- _Instructions for the task_
The answer should hold every line of the listing, unchanged and free of images.
Collected data: Begin
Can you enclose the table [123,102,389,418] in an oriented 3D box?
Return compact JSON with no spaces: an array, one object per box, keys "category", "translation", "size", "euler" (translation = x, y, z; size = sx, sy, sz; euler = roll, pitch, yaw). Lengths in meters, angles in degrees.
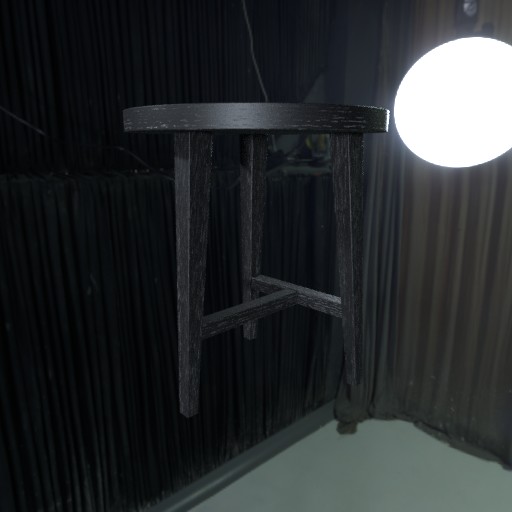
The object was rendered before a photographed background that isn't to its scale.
[{"category":"table","translation":[0.000,0.000,0.749],"size":[0.399,0.460,0.399],"euler":[0,14,0]}]
Collected data: End
- _The answer_
Can you enclose the table [123,102,389,418] in an oriented 3D box?
Return compact JSON with no spaces: an array, one object per box, keys "category", "translation", "size", "euler" (translation = x, y, z; size = sx, sy, sz; euler = roll, pitch, yaw). Lengths in meters, angles in degrees.
The object was rendered before a photographed background that isn't to its scale.
[{"category":"table","translation":[0.000,0.000,0.749],"size":[0.399,0.460,0.399],"euler":[0,14,0]}]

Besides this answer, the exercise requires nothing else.